Some of us don’t even have to rent. We own our own homes. Some of us even have swimming pools.

I don’t say this to make anyone feel guilty, not even myself. There is nothing meritorious in being poor and miserable; comfort is not complacency, or doesn’t have to be; and guilt is generally a useless passion.

What I mean is that we need a real effort of imagination to free ourselves from  the confines of our comfort; to see the poor, and especially the poorest, as they really are; and then  to stand in solidarity with them. That is what it means to be “poor in spirit”.


In the previous chapter of his Gospel, Matthew borrows a line from Mark to summarize the preaching of Jesus.

Mark says, “The time is fulfilled, and the kingdom of God has come near; repent, and believe in the good news.”

Matthew is laconic. He gives us the short, short version. He says, simply, “Repent, for the kingdom of heaven has come near.”

But in the beatitudes, Matthew spells this out in a series of short, punchy sentences:

Good news now for the poor in spirit; good news now for those who mourn; good news now for the meek and lowly; good news now for those who hunger and thirst for justice; good news now for the merciful and compassionate; good news for the pure in heart; good news now for the peacemakers; good news now for those who are persecuted for the sake of justice.[4]

Good news now, because God is acting now to put a wrong world right, to put a crooked world straight. God has acted in Jesus; and God continues to act today, in and through us.

The beatitudes are just the beginning of a sermon that fills three chapters in Matthew’s Gospel. It’s unlikely that Jesus ever preached this sermon in this form. At 2,400 words in our English translation, it  is, even by Church of Scotland standards, long.

What we know of the preaching of Jesus is not like that. He preaches in short stories, or parables, with a sting in the tail. And he preaches in short, pithy sayings we could fit into a Twitter post, were we foolish enough to be sucked into so destructive a medium.

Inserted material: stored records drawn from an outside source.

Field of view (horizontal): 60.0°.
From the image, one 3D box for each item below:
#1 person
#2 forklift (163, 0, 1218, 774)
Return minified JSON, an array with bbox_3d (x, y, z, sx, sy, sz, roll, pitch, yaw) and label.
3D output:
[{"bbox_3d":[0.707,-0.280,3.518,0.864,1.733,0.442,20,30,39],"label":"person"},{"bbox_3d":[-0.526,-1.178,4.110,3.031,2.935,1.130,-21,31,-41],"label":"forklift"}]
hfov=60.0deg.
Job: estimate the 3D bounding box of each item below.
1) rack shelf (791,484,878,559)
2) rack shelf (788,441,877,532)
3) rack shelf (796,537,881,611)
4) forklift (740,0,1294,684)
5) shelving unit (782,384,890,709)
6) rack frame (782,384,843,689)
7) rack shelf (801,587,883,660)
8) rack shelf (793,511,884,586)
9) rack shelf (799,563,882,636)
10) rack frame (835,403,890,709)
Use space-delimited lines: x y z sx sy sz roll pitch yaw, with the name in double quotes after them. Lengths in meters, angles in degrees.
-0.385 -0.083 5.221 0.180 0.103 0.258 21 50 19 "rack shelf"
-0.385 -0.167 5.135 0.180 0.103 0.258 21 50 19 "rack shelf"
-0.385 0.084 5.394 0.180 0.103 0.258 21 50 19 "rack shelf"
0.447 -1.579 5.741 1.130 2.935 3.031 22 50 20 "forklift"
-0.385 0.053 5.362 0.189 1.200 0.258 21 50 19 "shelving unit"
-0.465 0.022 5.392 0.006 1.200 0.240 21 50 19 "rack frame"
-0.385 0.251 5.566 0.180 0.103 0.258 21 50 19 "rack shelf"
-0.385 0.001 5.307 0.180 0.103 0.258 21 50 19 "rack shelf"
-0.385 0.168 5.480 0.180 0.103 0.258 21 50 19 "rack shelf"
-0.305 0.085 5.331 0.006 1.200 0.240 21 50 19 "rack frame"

Much more likely is that Matthew has drawn together teachings of Jesus from diverse sources and shaped them into a message that is more like a pamphlet than a sermon.

But already in the beatitudes we can see that the gospel, the good news, is radical, counter-cultural, and subversive. It is radical because it goes to the root of what is wrong with our world. It is counter-cultural because it rejects the false values of this world. And it is subversive because, were we to take it seriously, it would turn our world upside down.

For it tells us we cannot be friends of Jesus unless we are friends of the poor.


Martyn Turner draws cartoons for one of my favourite newspapers, the Irish Times. A good cartoon is like a good parable: it shows us the world as it is and usually it has a sting in its tail.

This month, the World Economic Forum met, as it annually does, in Davos, the Alpine resort town in the canton of Graubünden; and Martyn drew a cartoon to mark the occasion.[5]

A sign for the Forum says, “The rich are getting richer, the poor are getting poorer.”

An Alpine peasant looks at the sign and  remarks to his peasant wife, “At some point they have to decide whether it is a problem to be solved… or a mission statement.”

The Sermon on the Mount is our mission statement. Often it must seem like mission impossible. But it is, says Matthew, the only way to live.


[1] This Cultural Life. John Wilson interviews Ken Loach. The video is not available outside the UK, but an audio version can be found here:
[2] John Nolland, The Gospel of Matthew. The New International Greek Testament Commentary (Grand Rapids, MI: William B Eerdmans, 2005).
[3] CH4 195, “Here to the house of God we come” Shirley Erena Murray (1931-2020), author. Tune: Khao I Dang, Colin Alexander Gibson (1933-2022).
[4] Nolland, The Gospel of Matthew, ad loc. Nolland says “Good fortune”, but I prefer to stick with “Good news”.